Authors: Patrick Dewitt
You stumble climbing onto your barstool and the bartender—tall and leathery, his thinning hair bleached white and spiked for a ridiculous effect—dislikes you on sight. He looks to have been a cocaine addict in years past and is now the perennial desert bachelor. Sensing his disapproval and understanding the sensitivity of bartender-customer relations you do not ask for the olives right away but order a beer and tip extravagantly and he takes your money but gives no thanks and will not engage in any casino chitchat. You order another beer and throw more money at the man but can see he is steadfast in his opinions and so you go ahead and ask for a cup of olives as a side and he is glad to be turning you down when he tells you the specialty olives are not bar peanuts tossed around randomly but offered only when ordered alongside their top-shelf martinis. You tell him you had not meant to speak belittlingly
of the olives and of course you will pay the cost of this special martini except you don't want to drink a martini but only eat the olives with your beer and the bartender cuts you off and says the olives as a house rule are not to be sold or given away as snacks and you cut the bartender off and loudly order a top-shelf martini with extra olives and no martini and the bartender is now truly unhappy and he brings you one olive and tells you to "eat the stinking thing and fuck off down the road," and walks to the end of the bar to regale a regular with this, his latest story: The drunk who really, really wanted some olives.
You are never angry and now you are angry and you do not know what to do about it. You want to attack the man but think with a shudder of your cellmates in a Las Vegas jail and so instead take four more white pills and hatch a revenge plan. You do not eat the olive. You squash it in a twenty-dollar bill that the bartender will have to clean before pocketing, and taking up a pen from your bag you write these words on a napkin:
You are forty years old, a bartender in a bar in the desert. You hate the customers and the work but are trapped in the life as you have no other skills and have had no schooling or training of any kind. You have wasted your life drinking and doing drugs and sleeping beside women with hay for brains. You are alone and of no use to the world, save for this job, the job you hate, the job of getting people drunk. What will you be doing in five years? In ten years? There is no one who will look after you and you could die tomorrow and the only people who would care would be your bosses, and they would not be sad at your passing but only annoyed about having to interview new staff.

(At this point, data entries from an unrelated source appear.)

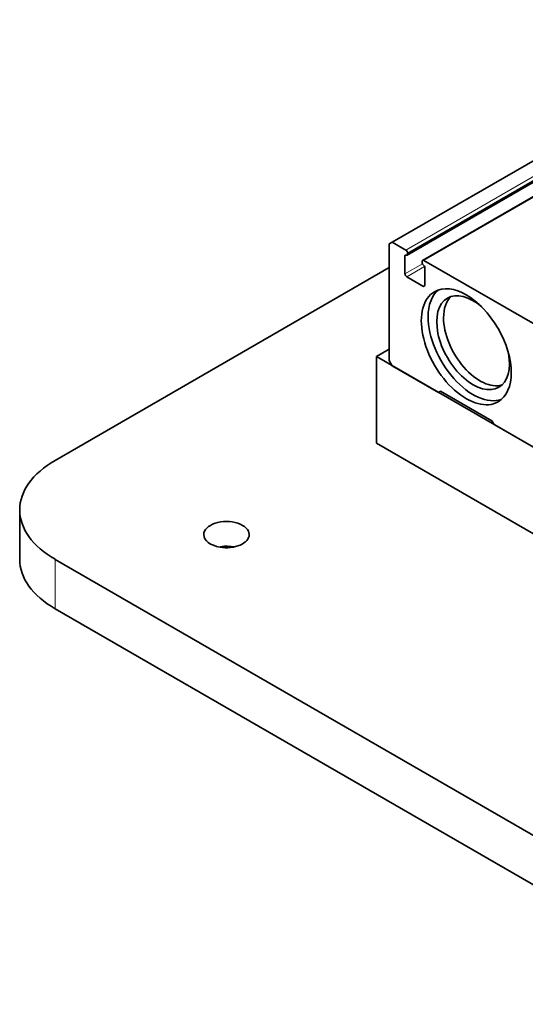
# Model space of a CAD drawing. Extents: x -161 to 1343, y -181 to 611.
# Tile 5 of 8: x 489 to 572, y 388 to 551. Entities that reach past the tile are written whole.
import ezdxf

# ---------------------------------------------------------------- set-up
doc = ezdxf.new("R2010")
doc.units = 0

msp = doc.modelspace()

# ---------------------------------------------------------------- linework, layer by layer
at = {"color": 7, "lineweight": 35}
for p, q in [((550.07, 514.16), (613.71, 550.9)), ((616.18, 548.76), (552.54, 512.02)), ((618.75, 547.9), (555.11, 511.16)), ((589.11, 491.63), (555.31, 511.14)), ((494.42, 478.11), (549.58, 509.96)), ((596.95, 466.68), (547.46, 495.26)), ((596.95, 452.39), (547.46, 480.97)), ((494.42, 461.78), (607.56, 396.46)), ((494.42, 453.62), (607.56, 388.3))]:
    msp.add_line(p, q, dxfattribs=at)
at = {"color": 7, "lineweight": 13}
for p, q in [((552.34, 512.85), (615.98, 549.6)), ((552.62, 512.36), (616.26, 549.11)), ((552.62, 512.2), (616.26, 548.94)), ((555.31, 511.14), (618.95, 547.88))]:
    msp.add_line(p, q, dxfattribs=at)
at = {"color": 7, "lineweight": 35, "ltscale": 0.014289}
msp.add_line((550.07, 514.16), (549.58, 513.88), dxfattribs=at)
at = {"color": 7, "lineweight": 35, "ltscale": 0.481734}
msp.add_line((549.58, 513.88), (549.58, 494.61), dxfattribs=at)
at = {"color": 7, "lineweight": 35, "ltscale": 0.065319}
msp.add_line((552.34, 512.85), (550.07, 514.16), dxfattribs=at)
at = {"color": 7, "lineweight": 35, "ltscale": 0.004082}
msp.add_line((552.62, 512.2), (552.62, 512.36), dxfattribs=at)
at = {"color": 7, "lineweight": 13, "ltscale": 0.004082}
msp.add_line((552.19, 511.96), (552.34, 512.04), dxfattribs=at)
at = {"color": 7, "lineweight": 35, "ltscale": 0.075526}
for p, q in [((552.19, 508.94), (552.19, 511.96)), ((555.45, 510.08), (555.45, 507.06))]:
    msp.add_line(p, q, dxfattribs=at)
at = {"color": 7, "lineweight": 13, "ltscale": 0.083112}
msp.add_line((552.19, 508.94), (555.07, 510.6), dxfattribs=at)
at = {"color": 7, "lineweight": 35, "ltscale": 0.004083}
msp.add_line((555.02, 510.98), (555.02, 510.81), dxfattribs=at)
at = {"color": 7, "lineweight": 13, "ltscale": 0.085371}
msp.add_line((552.48, 508.45), (555.43, 510.15), dxfattribs=at)
at = {"color": 7, "lineweight": 35, "ltscale": 0.077568}
msp.add_line((555.16, 506.89), (552.48, 508.45), dxfattribs=at)
at = {"color": 7, "lineweight": 13, "ltscale": 0.008165}
msp.add_line((555.16, 506.89), (555.45, 507.06), dxfattribs=at)
at = {"color": 7, "lineweight": 35, "ltscale": 0.061237}
msp.add_line((547.46, 495.26), (549.58, 496.48), dxfattribs=at)
at = {"color": 7, "lineweight": 35, "ltscale": 0.357217}
msp.add_line((547.46, 480.97), (547.46, 495.26), dxfattribs=at)
at = {"color": 7, "lineweight": 35, "ltscale": 0.024749}
msp.add_line((549.58, 494.61), (550.07, 493.75), dxfattribs=at)
at = {"color": 7, "lineweight": 35, "ltscale": 0.220453}
msp.add_line((550.07, 493.75), (557.71, 489.34), dxfattribs=at)
at = {"color": 7, "lineweight": 35, "ltscale": 0.010205}
msp.add_line((557.71, 489.34), (558.06, 489.54), dxfattribs=at)
at = {"color": 7, "lineweight": 35, "ltscale": 0.244951}
msp.add_line((558.06, 489.54), (566.55, 484.64), dxfattribs=at)
at = {"color": 7, "lineweight": 35, "ltscale": 0.017677}
msp.add_line((566.55, 484.64), (566.9, 484.03), dxfattribs=at)
at = {"color": 7, "lineweight": 35, "ltscale": 0.306185}
msp.add_line((566.9, 484.03), (577.51, 477.91), dxfattribs=at)
at = {"color": 7, "lineweight": 35, "ltscale": 0.204124}
msp.add_line((488.57, 461.78), (488.57, 469.95), dxfattribs=at)
at = {"color": 7, "lineweight": 13, "ltscale": 0.204124}
msp.add_line((494.42, 453.62), (494.42, 461.78), dxfattribs=at)
at = {"color": 7, "lineweight": 35}
for centre, major_axis, start_param, end_param in [((552.34, 512.53), (-0.2, 0.346), 3.926991, 5.497787), ((552.34, 511.87), (-0.1, 0.173), 0, 0.785398), ((552.34, 511.87), (-0.1, 0.173), 5.497787, 6.283185), ((552.34, 512.36), (-0.2, 0.346), 2.356194, 3.141593), ((552.34, 512.36), (-0.2, 0.346), 3.141593, 3.926991), ((555.31, 510.81), (-0.2, 0.346), 0, 0.785398), ((555.31, 510.65), (-0.2, 0.346), 0.785398, 2.356194), ((555.31, 510.81), (-0.2, 0.346), 5.497787, 6.283185), ((555.31, 510.16), (-0.1, 0.173), 3.926991, 5.497787), ((552.48, 508.77), (-0.2, 0.346), 0.785398, 2.356194), ((562.31, 496.89), (-5.25, 9.09), 0, 3.141593), ((555.16, 507.22), (-0.2, 0.346), 2.356194, 3.141593), ((555.16, 507.22), (-0.2, 0.346), 3.141593, 3.926991), ((563.44, 497.55), (-5.25, 9.09), 0.107873, 0.785398), ((562.31, 496.89), (-5.25, 9.09), 3.141593, 6.283185), ((563.44, 497.55), (-4.25, 7.36), 5.258021, 6.283185), ((563.44, 497.55), (-4.25, 7.36), 0, 3.141593), ((564.57, 498.2), (-4.25, 7.36), 0.133472, 0.785398), ((563.44, 497.55), (-5.25, 9.09), 0.785398, 3.033659), ((564.57, 498.2), (-4.25, 7.36), 0.785398, 3.007916), ((563.44, 497.55), (-4.25, 7.36), 3.141593, 4.166759), ((508.57, 469.95), (20, 0), 2.356194, 3.141593), ((508.57, 469.95), (20, 0), 3.141593, 3.926991), ((522.71, 465.87), (3.75, 0), 6.283167, 9.42476), ((522.71, 465.87), (3.75, 0), 3.141574, 4.426991), ((522.71, 465.87), (3.75, 0), 4.426991, 6.283167), ((522.71, 461.78), (3.75, 0), 1.285398, 1.911517), ((522.71, 461.78), (3.75, 0), 1.230147, 1.285398), ((508.57, 461.78), (20, 0), 3.141593, 3.926991)]:
    msp.add_ellipse(centre, major_axis=major_axis, ratio=0.57735, start_param=start_param, end_param=end_param, dxfattribs=at)

doc.saveas('drawing.dxf')

Your hair looks impossibly stupid.
You place the folded twenty atop this note and walk away to hide behind a row of slot machines and watch the plot in action. The bartender picks up the money, peeling it open to find the olive, and raises his eyes to find you. He does not find you and you are proud of the revenge results so far and are preparing for the bartender's reaction to the napkin when he, without noticing the writing, balls it up and tosses it into the garbage. He drops the dirty twenty in his tip jar and resumes his work.
Your heart is broken; you sit there feeling it break. Your chin is trembling when a woman in tights and a bow tie taps your shoulder and points to her tray and asks what you want to drink and you say, double Irish whiskey no ice, and she walks off to fetch it and you, realizing what you have done, stand and leave the slots before she can return and you head for the exit and ask the valet how far it is to the Grand Canyon and he tells you, and you hand him too much money and drive quickly away from the shimmering, nightmarish town. (You try not to look but the casinos seem to be breathing, their glowing bellies expanding and contracting as you move past.)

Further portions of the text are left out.